- Theatrical release poster
- Directed by: Lazarus L. Wolk Doris Wishman (unbilled)
- Written by: Doris Wishman
- Produced by: Doris Wishman, Martin Caplan
- Starring: Greg Conrad Dolores Carlos Earl Bauer
- Cinematography: Lazar
- Edited by: Paul Falkenberg (as Victor F. Paul)
- Music by: Song 'Hideout in the Sun' by Judith J. Kushner
- Production companies: Wica Pictures, Inc.
- Release date: February 1960;
- Running time: approx. 70 minutes
- Country: United States
- Language: English
- Budget: $10,000

= Hideout in the Sun =

Hideout in the Sun is a 1960 American nudist film directed by Doris Wishman and Larry "Lazarus" Wolk and starring Greg Conrad, Dolores Carlos and Earl Bauer. Produced by Wishman and Martin Caplan, it was the director's debut feature. She would go on to make numerous sexploitation films.

==Plot==
Brothers Duke and Steve Martin hold up a bank. Their escape plans go awry, however, and they kidnap Dorothy and force her to hide them at her members-only nudist camp. Steve and Dorothy spend the afternoon mingling with the camp's patrons and Steve grows increasingly fond of both Dorothy and of nudism. In order to protect her, Steve convinces Duke to flee the camp with him. After an argument, Duke knocks Steve unconscious and escapes with their ill-gotten gains into the Miami Serpentarium, a roadside attraction. Alerted by a clerk, a policeman arrives to arrest Duke, who is bitten by a king cobra and dies. Meanwhile, Steve returns to the nudist camp, proclaims his love for Dorothy, and awaits his arrest. Dorothy promises to wait for his release.

==Cast==
- Greg Conrad as Duke Martin
- Dolores Carlos as Dorothy Courtney, who also appeared in Diary of a Nudist (1961)
- Earl Bauer as Steve Martin
- Carol Little as Betty
- Ann Richards as Ann
- Mary Jane Line as Mary
- Pat Reilly as Pat
- Fran Stacey as Fran
- Dick Falcon as Dick
- Richard Schmitz as George
- Olivia Ann Line as Olivia
- John C. Line as John
- Paul C. Line as Paul
- Walter Film as Rodriquez

== Reception ==
The movie was banned from showing in Memphis, Tennessee, due to Lloyd Binfords Memphis Censor Board. The movie was also banned in Kansas.

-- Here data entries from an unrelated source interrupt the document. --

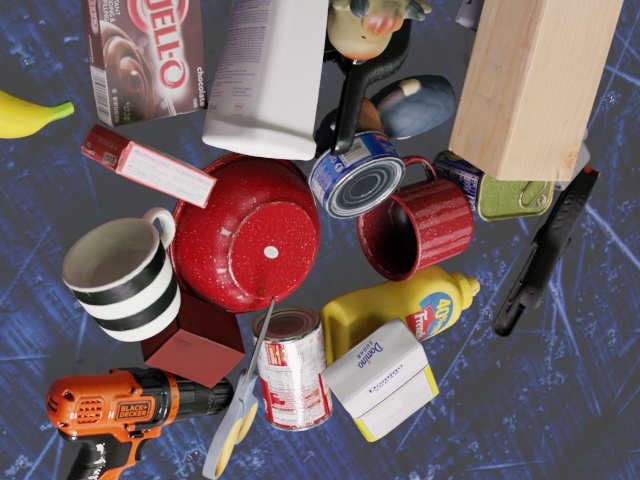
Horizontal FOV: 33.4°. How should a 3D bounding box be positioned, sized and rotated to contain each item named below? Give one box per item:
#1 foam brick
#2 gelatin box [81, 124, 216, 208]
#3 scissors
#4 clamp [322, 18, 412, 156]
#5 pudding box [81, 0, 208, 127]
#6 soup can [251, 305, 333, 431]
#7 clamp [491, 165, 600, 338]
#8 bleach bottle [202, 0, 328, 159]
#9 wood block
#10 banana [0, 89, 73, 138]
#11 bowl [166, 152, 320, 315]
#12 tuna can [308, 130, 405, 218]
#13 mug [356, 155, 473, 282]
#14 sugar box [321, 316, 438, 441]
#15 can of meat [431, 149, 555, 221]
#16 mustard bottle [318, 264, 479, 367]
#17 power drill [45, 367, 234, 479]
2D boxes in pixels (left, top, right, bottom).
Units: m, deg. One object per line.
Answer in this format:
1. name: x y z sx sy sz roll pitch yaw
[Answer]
1. foam brick: -0.115 0.087 0.950 0.078 0.051 0.053 28 119 -38
2. gelatin box: -0.141 -0.061 0.874 0.089 0.073 0.030 22 93 -39
3. scissors: -0.064 0.130 0.991 0.202 0.016 0.096 -68 169 16
4. clamp: 0.016 -0.169 0.954 0.120 0.039 0.171 39 66 -8
5. pudding box: -0.141 -0.155 0.861 0.089 0.039 0.113 -16 116 -31
6. soup can: -0.027 0.122 1.028 0.068 0.069 0.102 -22 118 -28
7. clamp: 0.249 0.005 1.155 0.036 0.164 0.210 28 82 6
8. bleach bottle: -0.030 -0.195 0.869 0.067 0.103 0.251 12 89 -40
9. wood block: 0.200 -0.167 0.988 0.090 0.090 0.206 -2 115 -30
10. banana: -0.270 -0.135 0.781 0.197 0.037 0.069 47 61 -38
11. bowl: -0.056 0.001 0.970 0.161 0.055 0.162 -13 114 -31
12. tuna can: 0.034 -0.059 0.978 0.086 0.034 0.086 -24 152 -14
13. mug: 0.094 -0.026 1.048 0.081 0.093 0.117 -18 106 -34
14. sugar box: 0.062 0.140 1.053 0.093 0.048 0.176 -36 153 -5
15. can of meat: 0.174 -0.061 1.090 0.101 0.084 0.057 -7 111 -33
16. mustard bottle: 0.086 0.072 1.089 0.191 0.058 0.096 -19 141 -30
17. power drill: -0.171 0.204 0.965 0.184 0.057 0.188 4 103 -39
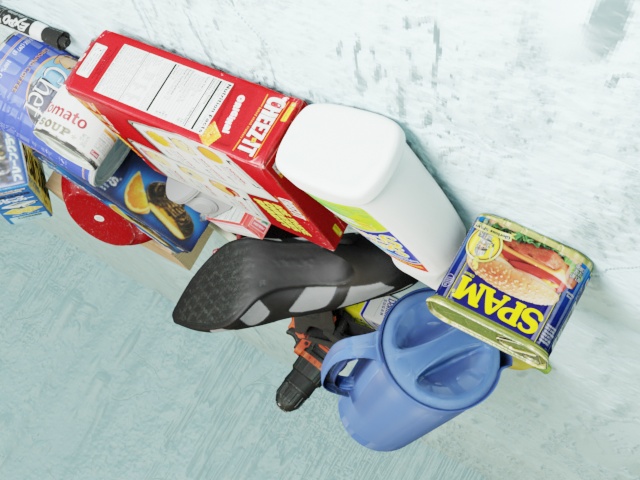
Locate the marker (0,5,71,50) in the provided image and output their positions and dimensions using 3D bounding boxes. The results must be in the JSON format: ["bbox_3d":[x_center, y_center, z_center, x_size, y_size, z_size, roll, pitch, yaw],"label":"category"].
[{"bbox_3d":[-0.285,-0.207,1.021,0.121,0.020,0.020,25,168,26],"label":"marker"}]

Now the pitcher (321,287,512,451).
[{"bbox_3d":[0.087,0.153,1.177,0.149,0.144,0.243,43,153,7],"label":"pitcher"}]

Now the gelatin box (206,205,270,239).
[{"bbox_3d":[-0.067,-0.042,1.046,0.030,0.073,0.089,35,168,-27],"label":"gelatin box"}]

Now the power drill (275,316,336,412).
[{"bbox_3d":[-0.049,0.119,1.482,0.188,0.184,0.057,38,170,11],"label":"power drill"}]

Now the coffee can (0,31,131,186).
[{"bbox_3d":[-0.257,-0.132,1.063,0.140,0.102,0.103,30,169,0],"label":"coffee can"}]

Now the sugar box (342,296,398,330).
[{"bbox_3d":[0.051,0.085,1.376,0.176,0.048,0.093,26,168,26],"label":"sugar box"}]

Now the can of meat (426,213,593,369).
[{"bbox_3d":[0.146,0.037,0.814,0.102,0.084,0.057,27,168,19],"label":"can of meat"}]

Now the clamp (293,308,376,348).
[{"bbox_3d":[0.019,0.102,1.332,0.164,0.036,0.210,40,158,-27],"label":"clamp"}]

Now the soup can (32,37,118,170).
[{"bbox_3d":[-0.206,-0.123,0.970,0.068,0.102,0.068,29,169,6],"label":"soup can"}]

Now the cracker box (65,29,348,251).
[{"bbox_3d":[-0.084,-0.086,0.902,0.214,0.072,0.164,23,168,29],"label":"cracker box"}]

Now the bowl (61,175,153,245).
[{"bbox_3d":[-0.247,-0.043,1.260,0.162,0.055,0.162,19,146,14],"label":"bowl"}]

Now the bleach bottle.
[{"bbox_3d":[0.070,-0.015,0.844,0.103,0.068,0.250,22,168,39],"label":"bleach bottle"}]
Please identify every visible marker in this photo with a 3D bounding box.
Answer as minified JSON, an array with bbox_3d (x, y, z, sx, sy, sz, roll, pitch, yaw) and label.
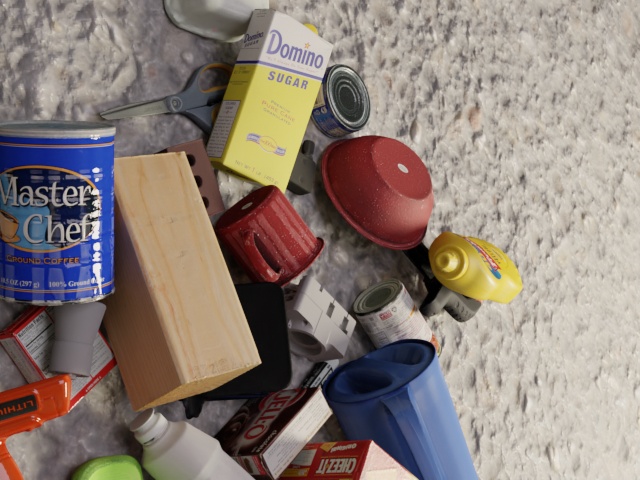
[{"bbox_3d":[-0.016,0.166,1.159,0.121,0.020,0.020,-48,115,-45],"label":"marker"}]

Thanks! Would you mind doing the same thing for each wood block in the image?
[{"bbox_3d":[-0.143,0.035,0.953,0.090,0.091,0.206,-11,74,-42],"label":"wood block"}]

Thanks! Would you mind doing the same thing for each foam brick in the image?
[{"bbox_3d":[-0.139,-0.054,1.055,0.052,0.051,0.078,-24,98,-49],"label":"foam brick"}]

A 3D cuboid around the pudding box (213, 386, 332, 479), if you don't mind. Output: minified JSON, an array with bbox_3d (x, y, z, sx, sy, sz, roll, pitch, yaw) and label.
[{"bbox_3d":[-0.054,0.191,1.052,0.113,0.090,0.039,-47,115,-45],"label":"pudding box"}]

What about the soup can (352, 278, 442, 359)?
[{"bbox_3d":[0.091,0.104,1.263,0.102,0.069,0.068,57,43,-20],"label":"soup can"}]

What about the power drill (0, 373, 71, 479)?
[{"bbox_3d":[-0.212,0.204,0.842,0.184,0.057,0.187,-14,85,-21],"label":"power drill"}]

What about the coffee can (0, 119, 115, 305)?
[{"bbox_3d":[-0.221,-0.026,0.881,0.102,0.103,0.140,-10,106,-50],"label":"coffee can"}]

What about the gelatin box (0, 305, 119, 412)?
[{"bbox_3d":[-0.227,0.094,0.926,0.073,0.030,0.089,-48,115,-43],"label":"gelatin box"}]

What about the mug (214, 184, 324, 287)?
[{"bbox_3d":[-0.057,0.001,1.098,0.081,0.093,0.117,54,19,-17],"label":"mug"}]

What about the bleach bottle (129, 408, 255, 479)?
[{"bbox_3d":[-0.091,0.253,1.000,0.250,0.103,0.068,50,43,-19],"label":"bleach bottle"}]

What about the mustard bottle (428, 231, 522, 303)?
[{"bbox_3d":[0.180,0.031,1.297,0.096,0.058,0.191,50,17,21],"label":"mustard bottle"}]

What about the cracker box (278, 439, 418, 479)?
[{"bbox_3d":[0.043,0.285,1.079,0.213,0.164,0.072,45,50,-31],"label":"cracker box"}]

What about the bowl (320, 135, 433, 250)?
[{"bbox_3d":[0.081,-0.070,1.269,0.162,0.055,0.162,24,44,-26],"label":"bowl"}]

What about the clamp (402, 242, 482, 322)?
[{"bbox_3d":[0.144,0.043,1.345,0.209,0.036,0.164,26,34,-56],"label":"clamp"}]

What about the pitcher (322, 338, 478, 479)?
[{"bbox_3d":[0.107,0.245,1.189,0.149,0.145,0.243,-41,113,-48],"label":"pitcher"}]

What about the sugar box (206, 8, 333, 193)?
[{"bbox_3d":[-0.054,-0.148,1.137,0.093,0.048,0.176,24,83,-42],"label":"sugar box"}]

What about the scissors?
[{"bbox_3d":[-0.140,-0.125,1.102,0.201,0.016,0.096,-42,111,-46],"label":"scissors"}]

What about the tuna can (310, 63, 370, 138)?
[{"bbox_3d":[0.023,-0.169,1.289,0.086,0.034,0.086,17,67,-46],"label":"tuna can"}]

Bill Gibron of PopMatters wrote "lacking anything remotely randy and giving equal time to both the actual nudists and the professional models hired to play topless, this is early raincoat-crowd fodder at its most tame and blameless." He also noted that "while the movie may seem docile by today's standard, it was positively shocking in 1960."

In his review for DVD Talk, Paul Mavis stated "what could have been in the hands of a half-way competent director either an entertaining B-flick with guns and naked broads, or a sly parody of the genre with plenty of opportunities for farce, is resolutely humdrum in the hands of shaky first-time director Wishman."

In a 1962 review in Vision, the author wrote, "the plot of the film is so ludicrous that had it been intended for a ten minute short it would have been one of the funniest, wildest ever; needless to say, the dramatic urgency comes to a grinding halt once we hit the nudist colony."

== Box office ==
Variety wrote: "Hideout in the Sun grossed nearly $12,000 in opening week at the Variety Theatre, Miami Beach, according to a spokesman for the theatre. This is the biggest single week's take in the 14-year history of the house, he said." During the opening week of the film at the theater, Dolores Carlos and two female co-stars were featured on the stage nightly, and also appeared in newspaper and radio advertising.